Welcome, guest | Sign In | My Account | Store | Cart

Randomize an iterator (Python recipe) by Ori Peleg
ActiveState Code (http://code.activestate.com/recipes/466177/)

Extremely simple/straightforward implementation.

Posted mainly to receive comments on alternative implementations.

Python, 20 lines
Download
 1
 2
 3
 4
 5
 6
 7
 8
 9
10
11
12
13
14
15
16
17
18
19
20
def irandomize(iterable, seed=None):
    """
    Randomize the iterable.

    Note: this evaluates the entire iterable to a sequence in memory
    """
    if seed is None:
        from random import shuffle
    else:
        from random import Random
        shuffle = Random(seed).shuffle
    result = list(iterable)
    shuffle(result)
    return iter(result)

if __name__ == "__main__":
    print list(irandomize(range(10)))
    print list(irandomize(range(10)))
    print list(irandomize(range(10), seed=14))
    print list(irandomize(range(10), seed=14))

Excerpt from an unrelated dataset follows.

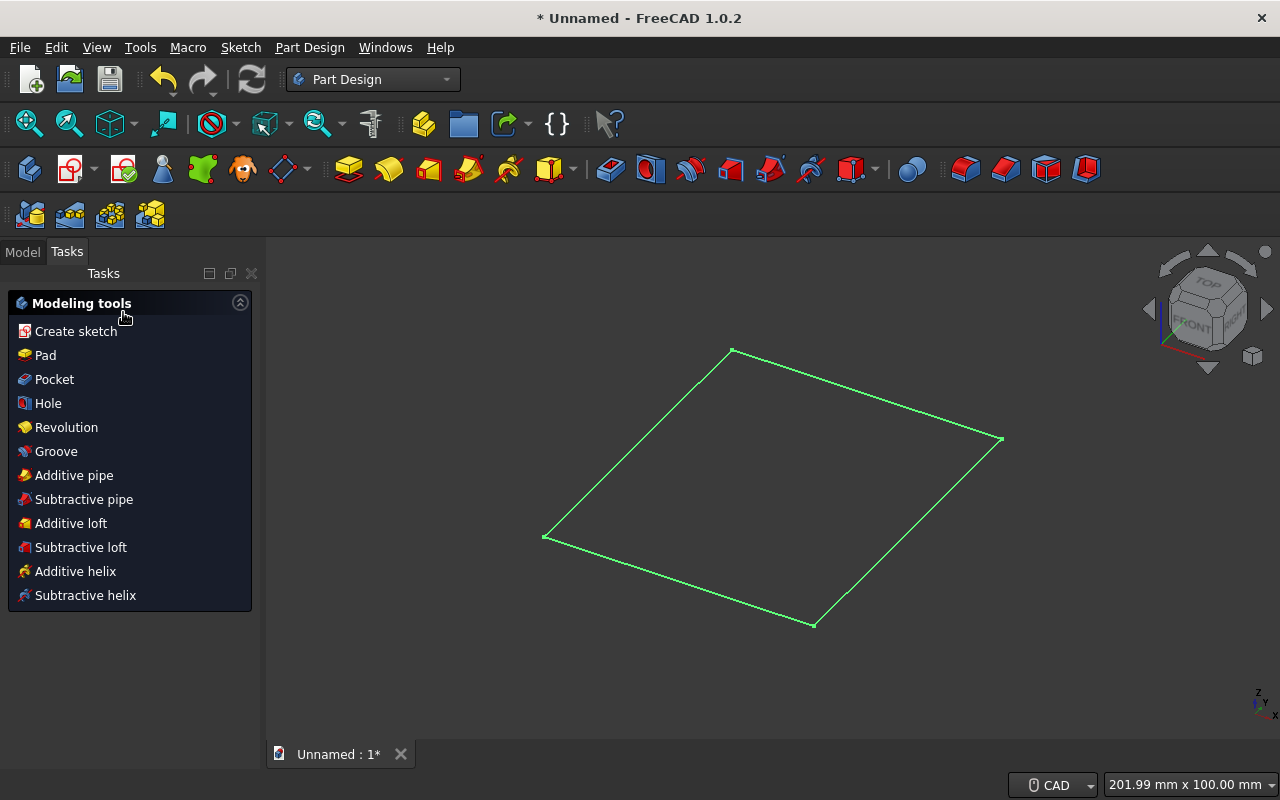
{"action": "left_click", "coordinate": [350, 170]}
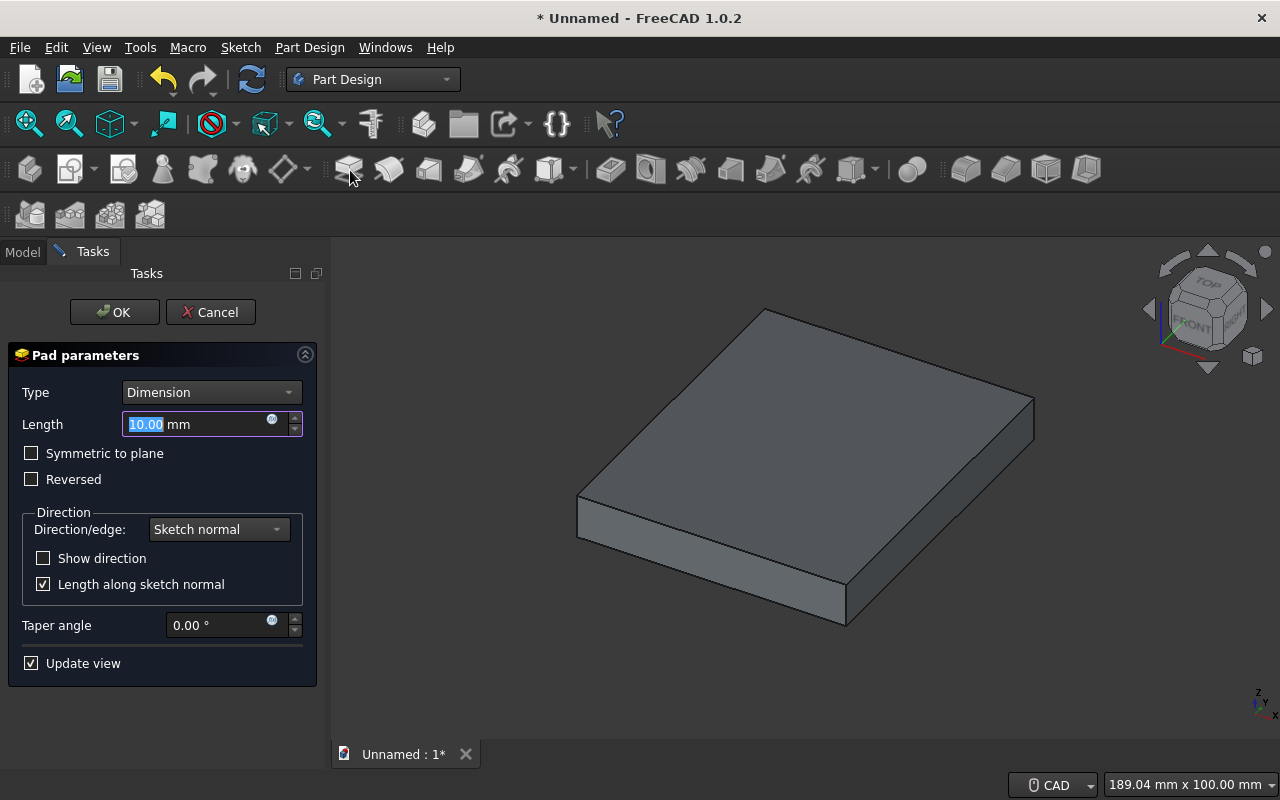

While randomizing an iterable can be useful, this implementation is very basic.

So, does anyone have better ideas? :)

Tags: algorithms

4 comments

Steven Bethard 18 years, 3 months ago  # | flag

What do you gain by this? The list() call loads everything into memory, so pretending like it's still an iterator but calling iter() seems misleading to me....

Ori Peleg (author) 18 years, 3 months ago  # | flag

Fitting in an existing iterator-centric scheme. I agree that there is no implementation benefit to the iter() call, but it conforms to the interface where iterator modifiers are expected.

The scheme involved has a 'source' iterator, and chains together several iterator-modifying functions to receive a final iterator. A configuration controls which modifying functions are used at run-time.

I know this implementation is a problem. I'd love to hear suggestions for a better one...

Steven Bethard 18 years, 3 months ago  # | flag

more iterator-like implementation. Well, this isn't as random as random.shuffle -- items near the beginning of the original iterable will likely be near the beginning of the resulting iterable -- but at least it maintains the memory behavior of iterators.

def irandomize(iterable):
    iterable = iter(iterable)
    items = []
    try:
        while True:
            for i in xrange(random.randint(1, 10)):
                items.append(iterable.next())
            random.shuffle(items)
            for i in xrange(random.randint(1, 10)):
                if items:
                    yield items.pop()
                else:
                    break
    except StopIteration:
        random.shuffle(items)
        for item in items:
            yield item
        raise StopIteration

In worst-case behavior, it could load all items from the iterable into memory at once, but on the average I believe it should only be storing about 10 at a time.

Christopher Dunn 18 years, 3 months ago  # | flag

Length of unknown iterator has no upper bound. If you want to guarantee that memory limits are never exceeded, you will have to specify an upper bound somewhere.

I think the best way to tackle this is to provide a buffer-length argument to irandomize():

def irandomize(..., bufsize=1000):

etc. Once the buffer is full, you choose a random element, replace it with the next element from the iterator, and yield the chosen element. "Shuffle" is never needed.